March 22, 2016

New Spin for a Tredwell Dress

Recently, the Merchant’s House collaborated with 3D modeling firm PaleoWest Archaeology to create an interactive 3D model of the two-piece spring and summer cotton dress, 1862-1865 (MHM 2002.0840), on display through April 29, one of the 39 dresses in the Tredwell Costume Collection. The model allows the viewer to look at the dress from all angles and zoom in on details. In the coming years, as each dress is displayed, we plan on creating similar models of dresses.

 

Merchant’s House Museum Tredwell Dress
by PaleoWest Archaeology
on Sketchfab

March 20, 2015

Merchant’s House on “Blueprint: NYC”

This week, Blueprint: New York City featured a brilliant and beautiful 30 minutes of the Merchant’s House on NYC Media, the Mayor’s Office of Media and Entertainment.

“… nothing inside or out has changed … a time capsule hiding in plain sight.”

Watch the full episode below.

March 5, 2015

“Sacred to the Memory:” The 150th Anniversary of the Death of Seabury Tredwell

Seabury Tredwell GraveSeabury Tredwell died 150 years ago, on March 7, 1865. He was 85 years old and suffered from Bright’s Disease, an affliction of the kidneys. He was survived by his wife, Eliza, their eight children, and five grandchildren.

Custom decreed that the body be placed on view for visitors if at all possible. Seabury Tredwell’s corpse may have been displayed on his bed, a sofa, or in a coffin. His funeral service took place in the double parlor on Saturday, March 11, and was attended by a wide circle of family, friends, and acquaintances. The coffin was then taken to the New York City Marble Cemetery, nearby on Second Street between First and Second Avenues, either by horse-drawn hearse or pall bearers. His body was temporarily interred there, before being ultimately laid to rest in the Tredwell family plot, at Christ’s Church in Hempstead, Long Island. His gravestone, at left, stands alongside his wife, Eliza’s, and five of their children, and bears the epigraph “Sacred to the Memory.”
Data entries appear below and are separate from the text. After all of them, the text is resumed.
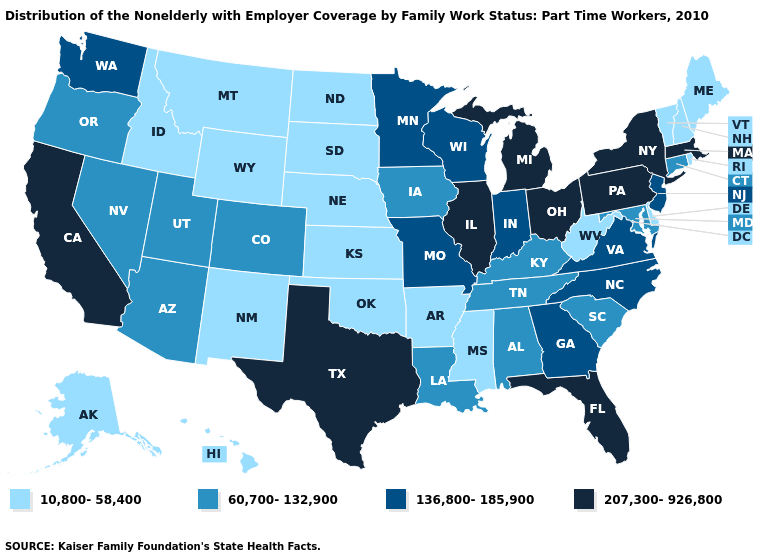What is the lowest value in the Northeast?
Be succinct. 10,800-58,400. How many symbols are there in the legend?
Write a very short answer. 4. What is the value of Arizona?
Answer briefly. 60,700-132,900. Which states have the lowest value in the USA?
Short answer required. Alaska, Arkansas, Delaware, Hawaii, Idaho, Kansas, Maine, Mississippi, Montana, Nebraska, New Hampshire, New Mexico, North Dakota, Oklahoma, Rhode Island, South Dakota, Vermont, West Virginia, Wyoming. Among the states that border Maryland , does Delaware have the lowest value?
Write a very short answer. Yes. How many symbols are there in the legend?
Answer briefly. 4. Which states have the lowest value in the West?
Answer briefly. Alaska, Hawaii, Idaho, Montana, New Mexico, Wyoming. Does Nebraska have the lowest value in the USA?
Write a very short answer. Yes. Is the legend a continuous bar?
Be succinct. No. How many symbols are there in the legend?
Keep it brief. 4. Which states have the highest value in the USA?
Short answer required. California, Florida, Illinois, Massachusetts, Michigan, New York, Ohio, Pennsylvania, Texas. Does Pennsylvania have the lowest value in the USA?
Answer briefly. No. Is the legend a continuous bar?
Be succinct. No. What is the value of Connecticut?
Concise answer only. 60,700-132,900. What is the highest value in the Northeast ?
Write a very short answer. 207,300-926,800.

According to The New York Post, “Among the deaths noticed in our columns today is that of one of our oldest and most respected merchants, Seabury Tredwell. He was a gentleman of the old school, dignified and accomplished in his manners and high-minded and honorable in all his transactions.”

Come pay your last respects as we celebrate the life (and commemorate the death) of “one of New York’s oldest and most respected merchants.” The exhibition is open March 5 to March 30.

February 2, 2015

Out of Their Boxes: The Tredwell Costume Collection on Display

MHM 2002.0842
The Tredwell Costume Collection comprises more than 400 articles of clothing, primarily women’s dresses and their accompanying chemisettes, collars, undersleeves, and petticoats. The core of the collection is a remarkable 39 dresses documented to have been owned and worn by the women of the family. Many are outstanding examples of the 19th-century dressmaker’s art, composed of fine and delicate fabrics and ornamentation.
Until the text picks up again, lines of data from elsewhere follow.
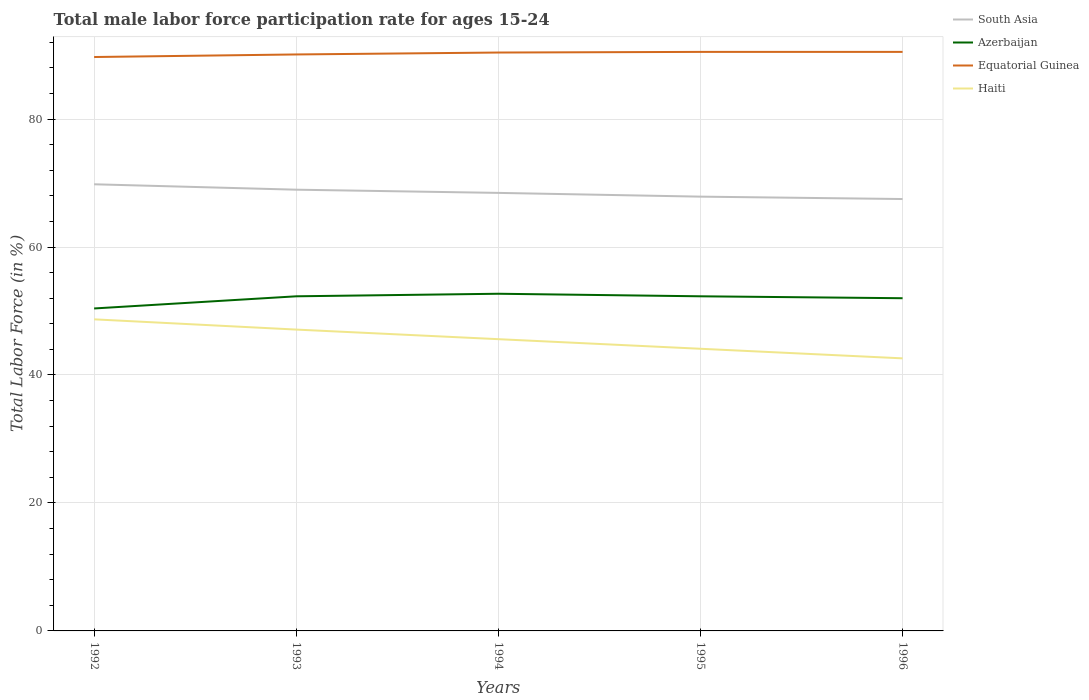Across all years, what is the maximum male labor force participation rate in Equatorial Guinea?
Ensure brevity in your answer.  89.7. What is the total male labor force participation rate in Azerbaijan in the graph?
Offer a terse response. 0.4. What is the difference between the highest and the second highest male labor force participation rate in Haiti?
Keep it short and to the point. 6.1. What is the difference between the highest and the lowest male labor force participation rate in Azerbaijan?
Your answer should be compact. 4. How many years are there in the graph?
Your answer should be very brief. 5. Does the graph contain grids?
Provide a succinct answer. Yes. What is the title of the graph?
Provide a succinct answer. Total male labor force participation rate for ages 15-24. Does "South Asia" appear as one of the legend labels in the graph?
Offer a terse response. Yes. What is the label or title of the X-axis?
Offer a terse response. Years. What is the Total Labor Force (in %) of South Asia in 1992?
Your answer should be compact. 69.81. What is the Total Labor Force (in %) of Azerbaijan in 1992?
Make the answer very short. 50.4. What is the Total Labor Force (in %) of Equatorial Guinea in 1992?
Provide a succinct answer. 89.7. What is the Total Labor Force (in %) in Haiti in 1992?
Give a very brief answer. 48.7. What is the Total Labor Force (in %) of South Asia in 1993?
Offer a very short reply. 68.96. What is the Total Labor Force (in %) in Azerbaijan in 1993?
Make the answer very short. 52.3. What is the Total Labor Force (in %) in Equatorial Guinea in 1993?
Make the answer very short. 90.1. What is the Total Labor Force (in %) of Haiti in 1993?
Offer a terse response. 47.1. What is the Total Labor Force (in %) in South Asia in 1994?
Keep it short and to the point. 68.46. What is the Total Labor Force (in %) of Azerbaijan in 1994?
Offer a terse response. 52.7. What is the Total Labor Force (in %) of Equatorial Guinea in 1994?
Ensure brevity in your answer.  90.4. What is the Total Labor Force (in %) in Haiti in 1994?
Provide a succinct answer. 45.6. What is the Total Labor Force (in %) of South Asia in 1995?
Make the answer very short. 67.88. What is the Total Labor Force (in %) in Azerbaijan in 1995?
Your response must be concise. 52.3. What is the Total Labor Force (in %) of Equatorial Guinea in 1995?
Provide a short and direct response. 90.5. What is the Total Labor Force (in %) in Haiti in 1995?
Your response must be concise. 44.1. What is the Total Labor Force (in %) of South Asia in 1996?
Provide a short and direct response. 67.5. What is the Total Labor Force (in %) of Equatorial Guinea in 1996?
Ensure brevity in your answer.  90.5. What is the Total Labor Force (in %) in Haiti in 1996?
Provide a short and direct response. 42.6. Across all years, what is the maximum Total Labor Force (in %) in South Asia?
Your answer should be very brief. 69.81. Across all years, what is the maximum Total Labor Force (in %) in Azerbaijan?
Provide a succinct answer. 52.7. Across all years, what is the maximum Total Labor Force (in %) in Equatorial Guinea?
Offer a very short reply. 90.5. Across all years, what is the maximum Total Labor Force (in %) of Haiti?
Give a very brief answer. 48.7. Across all years, what is the minimum Total Labor Force (in %) in South Asia?
Your answer should be very brief. 67.5. Across all years, what is the minimum Total Labor Force (in %) in Azerbaijan?
Ensure brevity in your answer.  50.4. Across all years, what is the minimum Total Labor Force (in %) of Equatorial Guinea?
Offer a very short reply. 89.7. Across all years, what is the minimum Total Labor Force (in %) in Haiti?
Offer a terse response. 42.6. What is the total Total Labor Force (in %) in South Asia in the graph?
Keep it short and to the point. 342.62. What is the total Total Labor Force (in %) of Azerbaijan in the graph?
Give a very brief answer. 259.7. What is the total Total Labor Force (in %) in Equatorial Guinea in the graph?
Provide a short and direct response. 451.2. What is the total Total Labor Force (in %) in Haiti in the graph?
Make the answer very short. 228.1. What is the difference between the Total Labor Force (in %) of South Asia in 1992 and that in 1993?
Make the answer very short. 0.85. What is the difference between the Total Labor Force (in %) in South Asia in 1992 and that in 1994?
Offer a very short reply. 1.35. What is the difference between the Total Labor Force (in %) in Azerbaijan in 1992 and that in 1994?
Ensure brevity in your answer.  -2.3. What is the difference between the Total Labor Force (in %) in Equatorial Guinea in 1992 and that in 1994?
Your answer should be very brief. -0.7. What is the difference between the Total Labor Force (in %) of South Asia in 1992 and that in 1995?
Give a very brief answer. 1.93. What is the difference between the Total Labor Force (in %) of Azerbaijan in 1992 and that in 1995?
Give a very brief answer. -1.9. What is the difference between the Total Labor Force (in %) in Equatorial Guinea in 1992 and that in 1995?
Your response must be concise. -0.8. What is the difference between the Total Labor Force (in %) of South Asia in 1992 and that in 1996?
Provide a succinct answer. 2.3. What is the difference between the Total Labor Force (in %) in Azerbaijan in 1992 and that in 1996?
Ensure brevity in your answer.  -1.6. What is the difference between the Total Labor Force (in %) of South Asia in 1993 and that in 1994?
Offer a very short reply. 0.5. What is the difference between the Total Labor Force (in %) in Azerbaijan in 1993 and that in 1994?
Ensure brevity in your answer.  -0.4. What is the difference between the Total Labor Force (in %) in Haiti in 1993 and that in 1994?
Your answer should be very brief. 1.5. What is the difference between the Total Labor Force (in %) of South Asia in 1993 and that in 1995?
Provide a short and direct response. 1.09. What is the difference between the Total Labor Force (in %) of Azerbaijan in 1993 and that in 1995?
Offer a very short reply. 0. What is the difference between the Total Labor Force (in %) in South Asia in 1993 and that in 1996?
Keep it short and to the point. 1.46. What is the difference between the Total Labor Force (in %) in Equatorial Guinea in 1993 and that in 1996?
Keep it short and to the point. -0.4. What is the difference between the Total Labor Force (in %) in Haiti in 1993 and that in 1996?
Offer a terse response. 4.5. What is the difference between the Total Labor Force (in %) of South Asia in 1994 and that in 1995?
Offer a terse response. 0.58. What is the difference between the Total Labor Force (in %) in Haiti in 1994 and that in 1995?
Make the answer very short. 1.5. What is the difference between the Total Labor Force (in %) of South Asia in 1994 and that in 1996?
Your answer should be compact. 0.96. What is the difference between the Total Labor Force (in %) of Azerbaijan in 1994 and that in 1996?
Keep it short and to the point. 0.7. What is the difference between the Total Labor Force (in %) of Haiti in 1994 and that in 1996?
Offer a very short reply. 3. What is the difference between the Total Labor Force (in %) in South Asia in 1995 and that in 1996?
Offer a terse response. 0.37. What is the difference between the Total Labor Force (in %) in Azerbaijan in 1995 and that in 1996?
Your response must be concise. 0.3. What is the difference between the Total Labor Force (in %) in Haiti in 1995 and that in 1996?
Give a very brief answer. 1.5. What is the difference between the Total Labor Force (in %) of South Asia in 1992 and the Total Labor Force (in %) of Azerbaijan in 1993?
Keep it short and to the point. 17.51. What is the difference between the Total Labor Force (in %) of South Asia in 1992 and the Total Labor Force (in %) of Equatorial Guinea in 1993?
Your response must be concise. -20.29. What is the difference between the Total Labor Force (in %) of South Asia in 1992 and the Total Labor Force (in %) of Haiti in 1993?
Offer a very short reply. 22.71. What is the difference between the Total Labor Force (in %) of Azerbaijan in 1992 and the Total Labor Force (in %) of Equatorial Guinea in 1993?
Offer a terse response. -39.7. What is the difference between the Total Labor Force (in %) in Azerbaijan in 1992 and the Total Labor Force (in %) in Haiti in 1993?
Ensure brevity in your answer.  3.3. What is the difference between the Total Labor Force (in %) in Equatorial Guinea in 1992 and the Total Labor Force (in %) in Haiti in 1993?
Offer a terse response. 42.6. What is the difference between the Total Labor Force (in %) in South Asia in 1992 and the Total Labor Force (in %) in Azerbaijan in 1994?
Make the answer very short. 17.11. What is the difference between the Total Labor Force (in %) of South Asia in 1992 and the Total Labor Force (in %) of Equatorial Guinea in 1994?
Provide a succinct answer. -20.59. What is the difference between the Total Labor Force (in %) in South Asia in 1992 and the Total Labor Force (in %) in Haiti in 1994?
Keep it short and to the point. 24.21. What is the difference between the Total Labor Force (in %) in Azerbaijan in 1992 and the Total Labor Force (in %) in Haiti in 1994?
Your answer should be very brief. 4.8. What is the difference between the Total Labor Force (in %) in Equatorial Guinea in 1992 and the Total Labor Force (in %) in Haiti in 1994?
Ensure brevity in your answer.  44.1. What is the difference between the Total Labor Force (in %) of South Asia in 1992 and the Total Labor Force (in %) of Azerbaijan in 1995?
Provide a short and direct response. 17.51. What is the difference between the Total Labor Force (in %) of South Asia in 1992 and the Total Labor Force (in %) of Equatorial Guinea in 1995?
Ensure brevity in your answer.  -20.69. What is the difference between the Total Labor Force (in %) in South Asia in 1992 and the Total Labor Force (in %) in Haiti in 1995?
Your answer should be very brief. 25.71. What is the difference between the Total Labor Force (in %) in Azerbaijan in 1992 and the Total Labor Force (in %) in Equatorial Guinea in 1995?
Provide a succinct answer. -40.1. What is the difference between the Total Labor Force (in %) in Equatorial Guinea in 1992 and the Total Labor Force (in %) in Haiti in 1995?
Your answer should be very brief. 45.6. What is the difference between the Total Labor Force (in %) of South Asia in 1992 and the Total Labor Force (in %) of Azerbaijan in 1996?
Give a very brief answer. 17.81. What is the difference between the Total Labor Force (in %) in South Asia in 1992 and the Total Labor Force (in %) in Equatorial Guinea in 1996?
Your response must be concise. -20.69. What is the difference between the Total Labor Force (in %) of South Asia in 1992 and the Total Labor Force (in %) of Haiti in 1996?
Provide a short and direct response. 27.21. What is the difference between the Total Labor Force (in %) in Azerbaijan in 1992 and the Total Labor Force (in %) in Equatorial Guinea in 1996?
Offer a terse response. -40.1. What is the difference between the Total Labor Force (in %) of Equatorial Guinea in 1992 and the Total Labor Force (in %) of Haiti in 1996?
Offer a terse response. 47.1. What is the difference between the Total Labor Force (in %) of South Asia in 1993 and the Total Labor Force (in %) of Azerbaijan in 1994?
Provide a succinct answer. 16.26. What is the difference between the Total Labor Force (in %) in South Asia in 1993 and the Total Labor Force (in %) in Equatorial Guinea in 1994?
Give a very brief answer. -21.44. What is the difference between the Total Labor Force (in %) in South Asia in 1993 and the Total Labor Force (in %) in Haiti in 1994?
Your response must be concise. 23.36. What is the difference between the Total Labor Force (in %) of Azerbaijan in 1993 and the Total Labor Force (in %) of Equatorial Guinea in 1994?
Make the answer very short. -38.1. What is the difference between the Total Labor Force (in %) of Equatorial Guinea in 1993 and the Total Labor Force (in %) of Haiti in 1994?
Provide a succinct answer. 44.5. What is the difference between the Total Labor Force (in %) in South Asia in 1993 and the Total Labor Force (in %) in Azerbaijan in 1995?
Offer a very short reply. 16.66. What is the difference between the Total Labor Force (in %) in South Asia in 1993 and the Total Labor Force (in %) in Equatorial Guinea in 1995?
Make the answer very short. -21.54. What is the difference between the Total Labor Force (in %) of South Asia in 1993 and the Total Labor Force (in %) of Haiti in 1995?
Provide a succinct answer. 24.86. What is the difference between the Total Labor Force (in %) in Azerbaijan in 1993 and the Total Labor Force (in %) in Equatorial Guinea in 1995?
Provide a succinct answer. -38.2. What is the difference between the Total Labor Force (in %) in Azerbaijan in 1993 and the Total Labor Force (in %) in Haiti in 1995?
Offer a terse response. 8.2. What is the difference between the Total Labor Force (in %) in South Asia in 1993 and the Total Labor Force (in %) in Azerbaijan in 1996?
Your response must be concise. 16.96. What is the difference between the Total Labor Force (in %) of South Asia in 1993 and the Total Labor Force (in %) of Equatorial Guinea in 1996?
Offer a very short reply. -21.54. What is the difference between the Total Labor Force (in %) of South Asia in 1993 and the Total Labor Force (in %) of Haiti in 1996?
Your response must be concise. 26.36. What is the difference between the Total Labor Force (in %) of Azerbaijan in 1993 and the Total Labor Force (in %) of Equatorial Guinea in 1996?
Offer a very short reply. -38.2. What is the difference between the Total Labor Force (in %) of Equatorial Guinea in 1993 and the Total Labor Force (in %) of Haiti in 1996?
Offer a very short reply. 47.5. What is the difference between the Total Labor Force (in %) in South Asia in 1994 and the Total Labor Force (in %) in Azerbaijan in 1995?
Ensure brevity in your answer.  16.16. What is the difference between the Total Labor Force (in %) of South Asia in 1994 and the Total Labor Force (in %) of Equatorial Guinea in 1995?
Ensure brevity in your answer.  -22.04. What is the difference between the Total Labor Force (in %) of South Asia in 1994 and the Total Labor Force (in %) of Haiti in 1995?
Your answer should be very brief. 24.36. What is the difference between the Total Labor Force (in %) of Azerbaijan in 1994 and the Total Labor Force (in %) of Equatorial Guinea in 1995?
Your response must be concise. -37.8. What is the difference between the Total Labor Force (in %) in Equatorial Guinea in 1994 and the Total Labor Force (in %) in Haiti in 1995?
Ensure brevity in your answer.  46.3. What is the difference between the Total Labor Force (in %) of South Asia in 1994 and the Total Labor Force (in %) of Azerbaijan in 1996?
Offer a very short reply. 16.46. What is the difference between the Total Labor Force (in %) of South Asia in 1994 and the Total Labor Force (in %) of Equatorial Guinea in 1996?
Provide a short and direct response. -22.04. What is the difference between the Total Labor Force (in %) of South Asia in 1994 and the Total Labor Force (in %) of Haiti in 1996?
Make the answer very short. 25.86. What is the difference between the Total Labor Force (in %) in Azerbaijan in 1994 and the Total Labor Force (in %) in Equatorial Guinea in 1996?
Keep it short and to the point. -37.8. What is the difference between the Total Labor Force (in %) of Azerbaijan in 1994 and the Total Labor Force (in %) of Haiti in 1996?
Your answer should be very brief. 10.1. What is the difference between the Total Labor Force (in %) of Equatorial Guinea in 1994 and the Total Labor Force (in %) of Haiti in 1996?
Offer a very short reply. 47.8. What is the difference between the Total Labor Force (in %) in South Asia in 1995 and the Total Labor Force (in %) in Azerbaijan in 1996?
Offer a very short reply. 15.88. What is the difference between the Total Labor Force (in %) in South Asia in 1995 and the Total Labor Force (in %) in Equatorial Guinea in 1996?
Your answer should be very brief. -22.62. What is the difference between the Total Labor Force (in %) in South Asia in 1995 and the Total Labor Force (in %) in Haiti in 1996?
Provide a succinct answer. 25.28. What is the difference between the Total Labor Force (in %) of Azerbaijan in 1995 and the Total Labor Force (in %) of Equatorial Guinea in 1996?
Provide a short and direct response. -38.2. What is the difference between the Total Labor Force (in %) in Equatorial Guinea in 1995 and the Total Labor Force (in %) in Haiti in 1996?
Offer a terse response. 47.9. What is the average Total Labor Force (in %) of South Asia per year?
Provide a short and direct response. 68.52. What is the average Total Labor Force (in %) in Azerbaijan per year?
Make the answer very short. 51.94. What is the average Total Labor Force (in %) in Equatorial Guinea per year?
Offer a very short reply. 90.24. What is the average Total Labor Force (in %) in Haiti per year?
Provide a short and direct response. 45.62. In the year 1992, what is the difference between the Total Labor Force (in %) of South Asia and Total Labor Force (in %) of Azerbaijan?
Offer a terse response. 19.41. In the year 1992, what is the difference between the Total Labor Force (in %) in South Asia and Total Labor Force (in %) in Equatorial Guinea?
Provide a succinct answer. -19.89. In the year 1992, what is the difference between the Total Labor Force (in %) in South Asia and Total Labor Force (in %) in Haiti?
Make the answer very short. 21.11. In the year 1992, what is the difference between the Total Labor Force (in %) of Azerbaijan and Total Labor Force (in %) of Equatorial Guinea?
Keep it short and to the point. -39.3. In the year 1992, what is the difference between the Total Labor Force (in %) of Azerbaijan and Total Labor Force (in %) of Haiti?
Offer a very short reply. 1.7. In the year 1993, what is the difference between the Total Labor Force (in %) in South Asia and Total Labor Force (in %) in Azerbaijan?
Your answer should be compact. 16.66. In the year 1993, what is the difference between the Total Labor Force (in %) in South Asia and Total Labor Force (in %) in Equatorial Guinea?
Make the answer very short. -21.14. In the year 1993, what is the difference between the Total Labor Force (in %) in South Asia and Total Labor Force (in %) in Haiti?
Provide a succinct answer. 21.86. In the year 1993, what is the difference between the Total Labor Force (in %) in Azerbaijan and Total Labor Force (in %) in Equatorial Guinea?
Your answer should be very brief. -37.8. In the year 1993, what is the difference between the Total Labor Force (in %) in Equatorial Guinea and Total Labor Force (in %) in Haiti?
Offer a very short reply. 43. In the year 1994, what is the difference between the Total Labor Force (in %) of South Asia and Total Labor Force (in %) of Azerbaijan?
Your answer should be compact. 15.76. In the year 1994, what is the difference between the Total Labor Force (in %) of South Asia and Total Labor Force (in %) of Equatorial Guinea?
Your response must be concise. -21.94. In the year 1994, what is the difference between the Total Labor Force (in %) in South Asia and Total Labor Force (in %) in Haiti?
Your answer should be compact. 22.86. In the year 1994, what is the difference between the Total Labor Force (in %) of Azerbaijan and Total Labor Force (in %) of Equatorial Guinea?
Offer a terse response. -37.7. In the year 1994, what is the difference between the Total Labor Force (in %) of Equatorial Guinea and Total Labor Force (in %) of Haiti?
Your answer should be very brief. 44.8. In the year 1995, what is the difference between the Total Labor Force (in %) in South Asia and Total Labor Force (in %) in Azerbaijan?
Provide a short and direct response. 15.58. In the year 1995, what is the difference between the Total Labor Force (in %) of South Asia and Total Labor Force (in %) of Equatorial Guinea?
Offer a terse response. -22.62. In the year 1995, what is the difference between the Total Labor Force (in %) of South Asia and Total Labor Force (in %) of Haiti?
Offer a terse response. 23.78. In the year 1995, what is the difference between the Total Labor Force (in %) in Azerbaijan and Total Labor Force (in %) in Equatorial Guinea?
Keep it short and to the point. -38.2. In the year 1995, what is the difference between the Total Labor Force (in %) in Equatorial Guinea and Total Labor Force (in %) in Haiti?
Make the answer very short. 46.4. In the year 1996, what is the difference between the Total Labor Force (in %) in South Asia and Total Labor Force (in %) in Azerbaijan?
Offer a very short reply. 15.5. In the year 1996, what is the difference between the Total Labor Force (in %) of South Asia and Total Labor Force (in %) of Equatorial Guinea?
Your answer should be compact. -23. In the year 1996, what is the difference between the Total Labor Force (in %) of South Asia and Total Labor Force (in %) of Haiti?
Keep it short and to the point. 24.9. In the year 1996, what is the difference between the Total Labor Force (in %) in Azerbaijan and Total Labor Force (in %) in Equatorial Guinea?
Keep it short and to the point. -38.5. In the year 1996, what is the difference between the Total Labor Force (in %) of Azerbaijan and Total Labor Force (in %) of Haiti?
Offer a very short reply. 9.4. In the year 1996, what is the difference between the Total Labor Force (in %) of Equatorial Guinea and Total Labor Force (in %) of Haiti?
Keep it short and to the point. 47.9. What is the ratio of the Total Labor Force (in %) of South Asia in 1992 to that in 1993?
Your answer should be compact. 1.01. What is the ratio of the Total Labor Force (in %) in Azerbaijan in 1992 to that in 1993?
Offer a very short reply. 0.96. What is the ratio of the Total Labor Force (in %) of Equatorial Guinea in 1992 to that in 1993?
Give a very brief answer. 1. What is the ratio of the Total Labor Force (in %) of Haiti in 1992 to that in 1993?
Give a very brief answer. 1.03. What is the ratio of the Total Labor Force (in %) of South Asia in 1992 to that in 1994?
Offer a terse response. 1.02. What is the ratio of the Total Labor Force (in %) in Azerbaijan in 1992 to that in 1994?
Your answer should be very brief. 0.96. What is the ratio of the Total Labor Force (in %) in Equatorial Guinea in 1992 to that in 1994?
Ensure brevity in your answer.  0.99. What is the ratio of the Total Labor Force (in %) of Haiti in 1992 to that in 1994?
Give a very brief answer. 1.07. What is the ratio of the Total Labor Force (in %) in South Asia in 1992 to that in 1995?
Ensure brevity in your answer.  1.03. What is the ratio of the Total Labor Force (in %) in Azerbaijan in 1992 to that in 1995?
Your response must be concise. 0.96. What is the ratio of the Total Labor Force (in %) in Equatorial Guinea in 1992 to that in 1995?
Your response must be concise. 0.99. What is the ratio of the Total Labor Force (in %) of Haiti in 1992 to that in 1995?
Your response must be concise. 1.1. What is the ratio of the Total Labor Force (in %) of South Asia in 1992 to that in 1996?
Offer a terse response. 1.03. What is the ratio of the Total Labor Force (in %) of Azerbaijan in 1992 to that in 1996?
Offer a terse response. 0.97. What is the ratio of the Total Labor Force (in %) of Equatorial Guinea in 1992 to that in 1996?
Your answer should be compact. 0.99. What is the ratio of the Total Labor Force (in %) of Haiti in 1992 to that in 1996?
Keep it short and to the point. 1.14. What is the ratio of the Total Labor Force (in %) in South Asia in 1993 to that in 1994?
Keep it short and to the point. 1.01. What is the ratio of the Total Labor Force (in %) in Azerbaijan in 1993 to that in 1994?
Provide a short and direct response. 0.99. What is the ratio of the Total Labor Force (in %) in Haiti in 1993 to that in 1994?
Make the answer very short. 1.03. What is the ratio of the Total Labor Force (in %) in Azerbaijan in 1993 to that in 1995?
Offer a very short reply. 1. What is the ratio of the Total Labor Force (in %) of Haiti in 1993 to that in 1995?
Your answer should be very brief. 1.07. What is the ratio of the Total Labor Force (in %) of South Asia in 1993 to that in 1996?
Provide a short and direct response. 1.02. What is the ratio of the Total Labor Force (in %) of Azerbaijan in 1993 to that in 1996?
Provide a succinct answer. 1.01. What is the ratio of the Total Labor Force (in %) of Haiti in 1993 to that in 1996?
Give a very brief answer. 1.11. What is the ratio of the Total Labor Force (in %) of South Asia in 1994 to that in 1995?
Provide a short and direct response. 1.01. What is the ratio of the Total Labor Force (in %) in Azerbaijan in 1994 to that in 1995?
Keep it short and to the point. 1.01. What is the ratio of the Total Labor Force (in %) in Haiti in 1994 to that in 1995?
Give a very brief answer. 1.03. What is the ratio of the Total Labor Force (in %) of South Asia in 1994 to that in 1996?
Provide a succinct answer. 1.01. What is the ratio of the Total Labor Force (in %) in Azerbaijan in 1994 to that in 1996?
Give a very brief answer. 1.01. What is the ratio of the Total Labor Force (in %) in Haiti in 1994 to that in 1996?
Your answer should be very brief. 1.07. What is the ratio of the Total Labor Force (in %) of South Asia in 1995 to that in 1996?
Give a very brief answer. 1.01. What is the ratio of the Total Labor Force (in %) in Azerbaijan in 1995 to that in 1996?
Provide a succinct answer. 1.01. What is the ratio of the Total Labor Force (in %) in Haiti in 1995 to that in 1996?
Provide a succinct answer. 1.04. What is the difference between the highest and the second highest Total Labor Force (in %) in South Asia?
Give a very brief answer. 0.85. What is the difference between the highest and the lowest Total Labor Force (in %) in South Asia?
Offer a very short reply. 2.3. What is the difference between the highest and the lowest Total Labor Force (in %) of Haiti?
Your answer should be compact. 6.1.

Currently on display in Eliza Tredwell’s bedroom: a one-piece spring and summer dress, 1859-1864, made of cream-colored sheer muslin with woven cream stripes and a printed black, tan, and red floral pattern. Printing with synthetic aniline dyes, which were discovered and initially produced in 1856, was a less costly way to replicate the look of more expensive, more intricately woven fabrics. This dress, because of its fragile condition, is rarely exhibited.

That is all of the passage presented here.